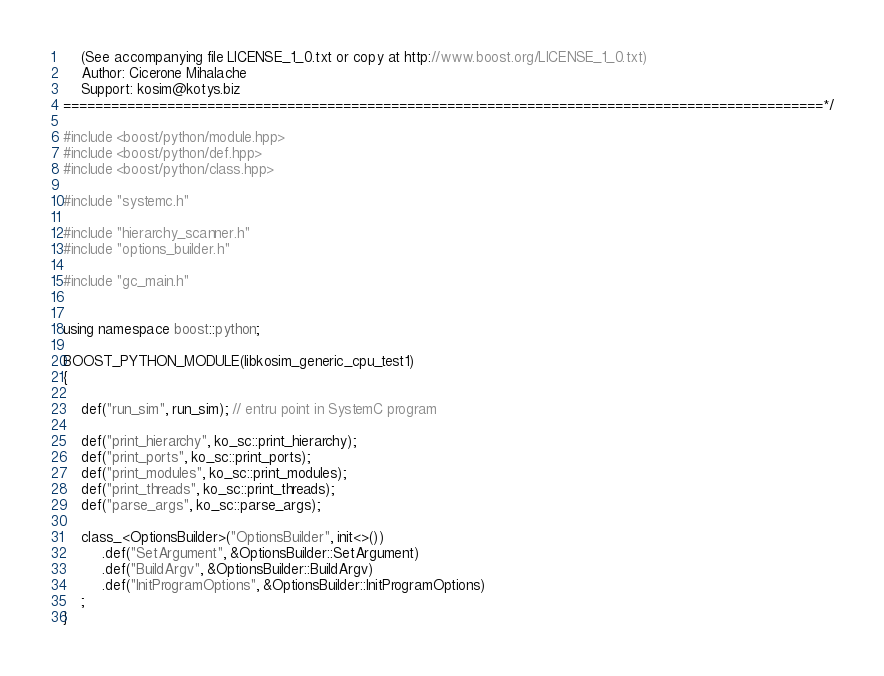<code> <loc_0><loc_0><loc_500><loc_500><_C++_>    (See accompanying file LICENSE_1_0.txt or copy at http://www.boost.org/LICENSE_1_0.txt)
    Author: Cicerone Mihalache                                     
    Support: kosim@kotys.biz 
===============================================================================================*/

#include <boost/python/module.hpp>
#include <boost/python/def.hpp>
#include <boost/python/class.hpp> 

#include "systemc.h"
 
#include "hierarchy_scanner.h"
#include "options_builder.h"

#include "gc_main.h"


using namespace boost::python;

BOOST_PYTHON_MODULE(libkosim_generic_cpu_test1)
{

    def("run_sim", run_sim); // entru point in SystemC program                           

    def("print_hierarchy", ko_sc::print_hierarchy);
    def("print_ports", ko_sc::print_ports);
    def("print_modules", ko_sc::print_modules);
    def("print_threads", ko_sc::print_threads);
    def("parse_args", ko_sc::parse_args);

    class_<OptionsBuilder>("OptionsBuilder", init<>())
         .def("SetArgument", &OptionsBuilder::SetArgument) 
         .def("BuildArgv", &OptionsBuilder::BuildArgv) 
         .def("InitProgramOptions", &OptionsBuilder::InitProgramOptions) 
    ;
}


</code> 
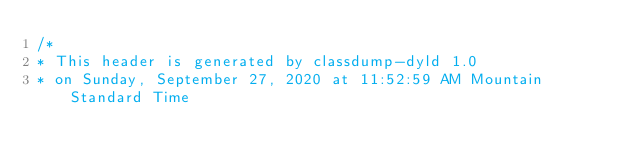Convert code to text. <code><loc_0><loc_0><loc_500><loc_500><_C_>/*
* This header is generated by classdump-dyld 1.0
* on Sunday, September 27, 2020 at 11:52:59 AM Mountain Standard Time</code>

☆ ☆ ☆ ☆ ☆

EXERCISE PROMPT:
Nothing but a number is required: the number of lines in the material holding the string "OptionsBuilder".

SOLUTION TO THIS TASK:
4